Analogy Microfluidics

The sandpile analogy suggests that in the smallest systems micro-fluidics, the study of microflows, must be central to any ideas we might have for shrinking complex insect-like systems (Ref: Micro-fluidics and Drops). A dripping tap reveals just how complex even the simplest microfluidic system is. Singularities in patterns of flow occur almost everywhere, even in free-surface flows.

A drop hanging and then falling from a faucet models a liquid separating into two or more pieces. The change in structure of the drop over time reveals that as the drop falls, it first tugs out a long neck between two masses of fluid.
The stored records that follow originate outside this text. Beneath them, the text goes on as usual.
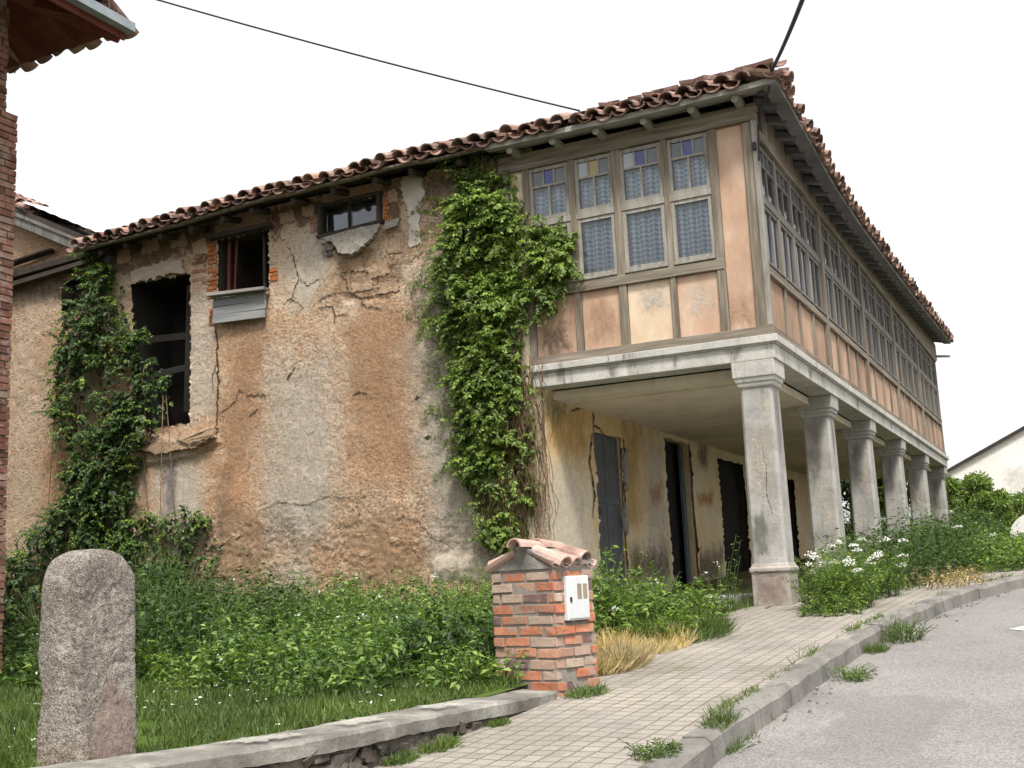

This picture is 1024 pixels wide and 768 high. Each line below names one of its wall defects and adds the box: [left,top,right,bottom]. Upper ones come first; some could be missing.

spalling [265,178,404,306]
crack [284,245,395,322]
crack [176,326,270,446]
crack [258,492,382,527]
crack [571,407,625,517]
water stain [632,551,670,580]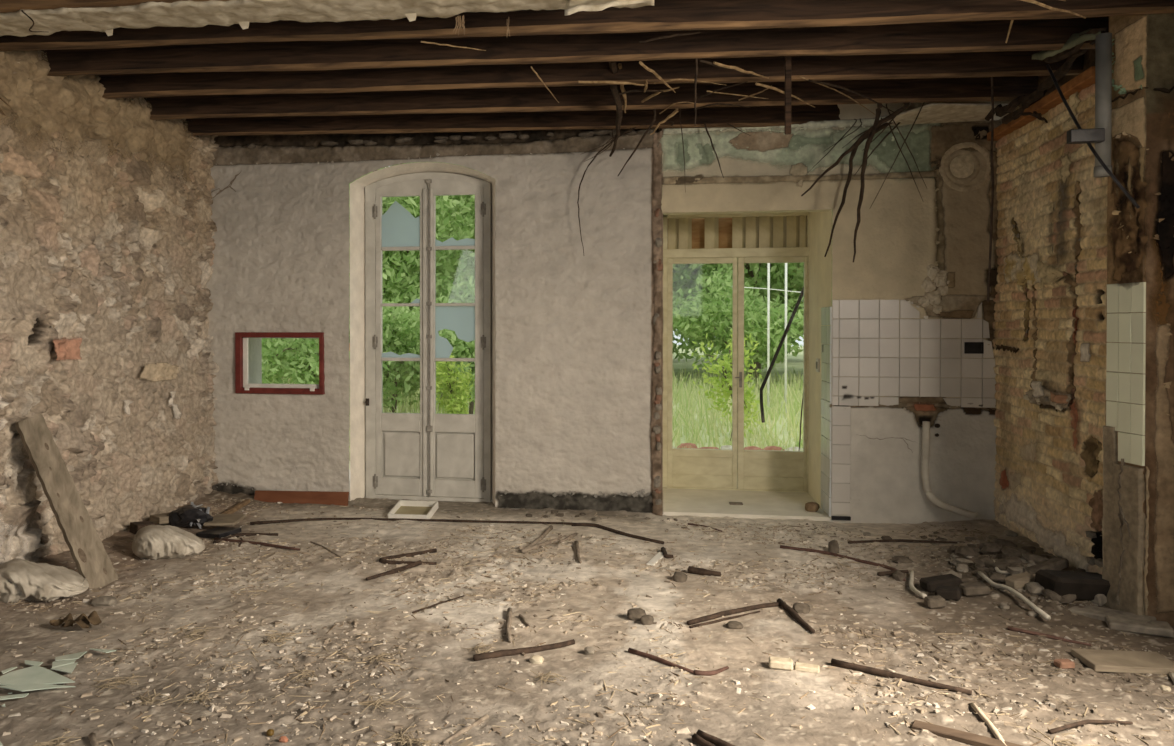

One mass will remain on the tap; the other will fall as a new drop. The neck thins out elongating until it breaks. What is the shape of the drop as the neck fractures? Something complex happens in the mathematical description of the liquid at this critical point, because the drop undergoes a transition in its topology. A drop starts as a single, connected fluid but ends as two or more separate drops. Separation is just one example of a finite-time singularity, because a drop's breakup happens just after the drop becomes unstable enough to fall. A singularity arises for the topological transition because the radius of the neck holding the drop to the larger mass of fluid gradually shrinks and disappears. As the radius of the neck goes towards zero, the drop's curvature diverges, so the forces of surface tension become infinite. How do such dramatic dynamics develop in a system that has smooth initial conditions and forcing terms? Similar transitional singularities are common in many diverse systems, from stellar structures to turbulent air and water to a bacterial colony's growth. Now imagine what happens to hemolymph in the hemocoel of a bee on the wing!